**Data supplied**:
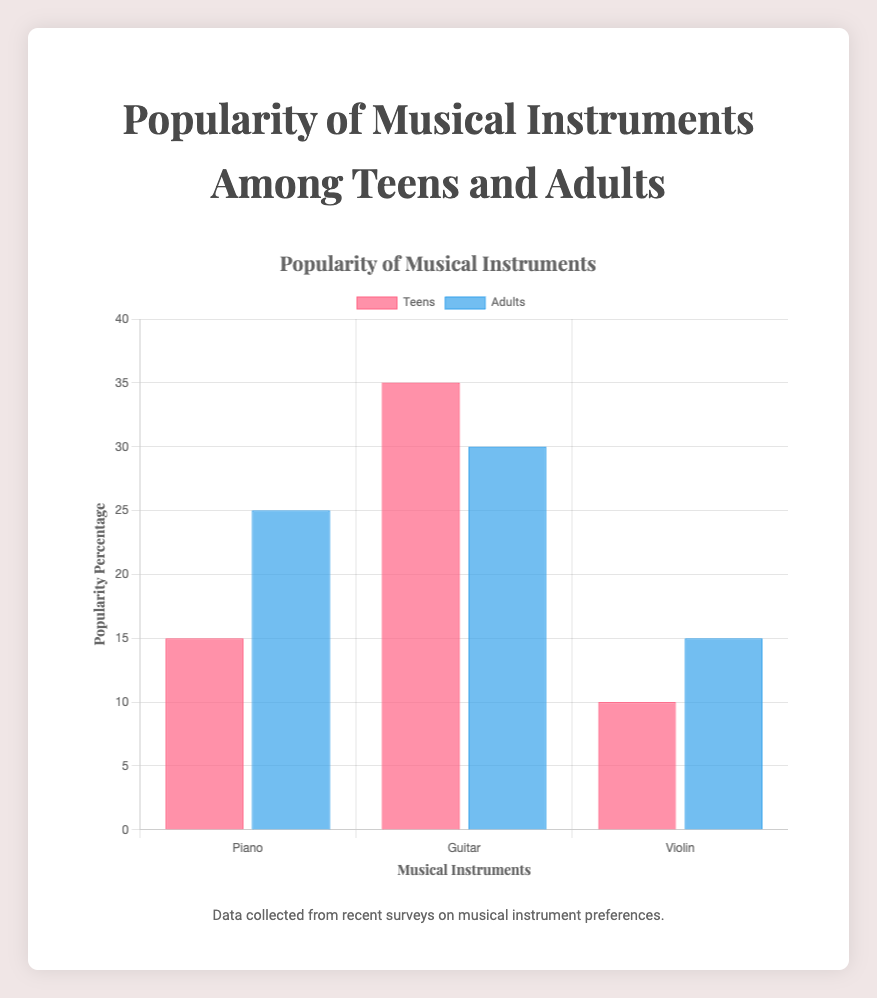Which instrument is more popular among teens than adults? The Guitar is more popular among teens with 35%, compared to adults with 30%. This is identified by comparing the height of the bars labeled 'Guitar' for both age groups.
Answer: Guitar What is the least popular instrument among teens? The Violin is the least popular among teens with 10%. This is observed by noting that the bar for Violin in the 'Teens' group is the shortest.
Answer: Violin Which age group shows a higher preference for the Piano? Adults show a higher preference for the Piano with 25% compared to teens with 15%. This is determined by comparing the heights of the bars for Piano in both age groups.
Answer: Adults What is the total popularity percentage of all instruments among adults? Sum the popularity percentages for Piano, Guitar, and Violin among adults: 25% + 30% + 15% = 70%.
Answer: 70% Which instrument has the smallest difference in popularity between teens and adults? The Violin has the smallest difference in popularity between teens and adults. The difference is 15% - 10% = 5%.
Answer: Violin Between the Guitar and the Piano, which instrument has a higher combined popularity percentage across both age groups? The Guitar has a higher combined popularity. Adding the percentages for Guitar gives 35% (teens) + 30% (adults) = 65%, whereas for Piano, it is 15% (teens) + 25% (adults) = 40%.
Answer: Guitar What is the average popularity percentage of the Violin across both age groups? The average popularity percentage of the Violin is (10% + 15%) / 2 = 12.5%.
Answer: 12.5% Which color represents the data for adults in the chart? The data for adults are represented by blue bars. This information is typically provided in the legend of the chart.
Answer: Blue How much more popular is the Guitar compared to the Violin among teens? The Guitar is 35% - 10% = 25% more popular than the Violin among teens. This is determined by subtracting the popularity percentage of the Violin from that of the Guitar for the teens' age group.
Answer: 25% By how much does the popularity of the Piano increase from teens to adults? The popularity of the Piano increases by 25% (adults) - 15% (teens) = 10%. This is calculated by subtracting the popularity percentage of the Piano for teens from that for adults.
Answer: 10%

**What this task involves**: Repeat, word for word and with no pictures, only the lines running from the beginning of the data to the line that contains "Answer: 12.5% Which".

**Solution to this exercise**:
Which instrument is more popular among teens than adults? The Guitar is more popular among teens with 35%, compared to adults with 30%. This is identified by comparing the height of the bars labeled 'Guitar' for both age groups.
Answer: Guitar What is the least popular instrument among teens? The Violin is the least popular among teens with 10%. This is observed by noting that the bar for Violin in the 'Teens' group is the shortest.
Answer: Violin Which age group shows a higher preference for the Piano? Adults show a higher preference for the Piano with 25% compared to teens with 15%. This is determined by comparing the heights of the bars for Piano in both age groups.
Answer: Adults What is the total popularity percentage of all instruments among adults? Sum the popularity percentages for Piano, Guitar, and Violin among adults: 25% + 30% + 15% = 70%.
Answer: 70% Which instrument has the smallest difference in popularity between teens and adults? The Violin has the smallest difference in popularity between teens and adults. The difference is 15% - 10% = 5%.
Answer: Violin Between the Guitar and the Piano, which instrument has a higher combined popularity percentage across both age groups? The Guitar has a higher combined popularity. Adding the percentages for Guitar gives 35% (teens) + 30% (adults) = 65%, whereas for Piano, it is 15% (teens) + 25% (adults) = 40%.
Answer: Guitar What is the average popularity percentage of the Violin across both age groups? The average popularity percentage of the Violin is (10% + 15%) / 2 = 12.5%.
Answer: 12.5% Which color represents the data for adults in the chart? The data for adults are represented by blue bars. This information is typically provided in the legend of the chart.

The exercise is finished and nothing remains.